C2. 15 Barbell Good Mornings, 1 minute rest, 3 sets

This is the entire workout. Go from A1 to A2 3 times (making the total 3 sets), then complete part B, then complete C1 and C2  3 times total. Go back and forth between A1 and A2, same with C1 and C2.

Post load for front squat, SDLHP, and Barbell Good Mornings to comments, as well as thoughts.

This was a very, very different type of workout from what we normally do, and I really loved it. It is based on a model from OPT’s training website (that is, 2007 CrossFit Games original champion). It is really top notch programming, and after that workout it was easy to tell why he is such a beast!

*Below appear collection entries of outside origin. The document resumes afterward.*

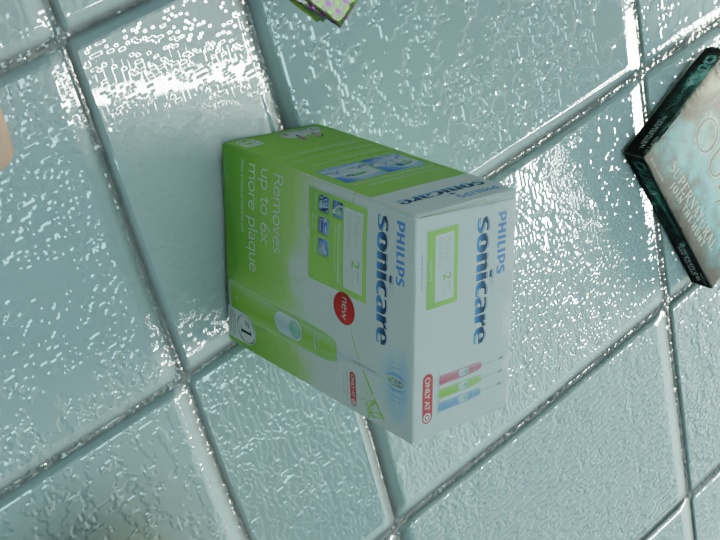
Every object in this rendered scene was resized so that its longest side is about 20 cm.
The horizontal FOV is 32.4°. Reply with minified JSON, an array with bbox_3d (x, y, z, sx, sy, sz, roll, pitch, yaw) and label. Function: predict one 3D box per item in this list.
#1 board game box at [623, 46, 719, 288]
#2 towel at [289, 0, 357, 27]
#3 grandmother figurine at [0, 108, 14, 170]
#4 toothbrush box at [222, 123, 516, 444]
[{"bbox_3d":[0.328,-0.094,1.172,0.135,0.028,0.200,-51,132,-13],"label":"board game box"},{"bbox_3d":[-0.056,-0.253,0.716,0.200,0.023,0.144,32,93,-23],"label":"towel"},{"bbox_3d":[-0.212,-0.120,0.609,0.200,0.060,0.121,97,-2,-50],"label":"grandmother figurine"},{"bbox_3d":[0.000,0.000,0.799,0.086,0.200,0.146,-17,118,-37],"label":"toothbrush box"}]

The workout necessitated a larger focus on technique…good luck getting 3 sets of 25 Sumo Deadlifts completed if your arms are bending early or your starting in a squat position.

This workout was also great because it wasn’t the traditional ‘metabolic conditioning’ that most come to expect from CrossFit. CrossFit trains everything, you know…unknown and unknowable. But when you neglect the strength days, and technique building days, most people begin to experience some sort of diminishing return on their workout. As much as we’d like to think it’s not true, it’s not possible to go 100% after ‘Fran’ or ‘Murph’ day in and day out. This workout wasn’t any less intense, but that intensity should have been found in the form of improved attention on technique, not necessarily flop on the floor once you yell out ‘time’.

Workouts like this will do a lot to improve your performance on those benchmarks though. Get ready to see more of this at our gym, probably once to twice a week. Which days you might ask? Well…it IS still CrossFit people! Having different focuses in your training doesn’t make it any less constantly varied!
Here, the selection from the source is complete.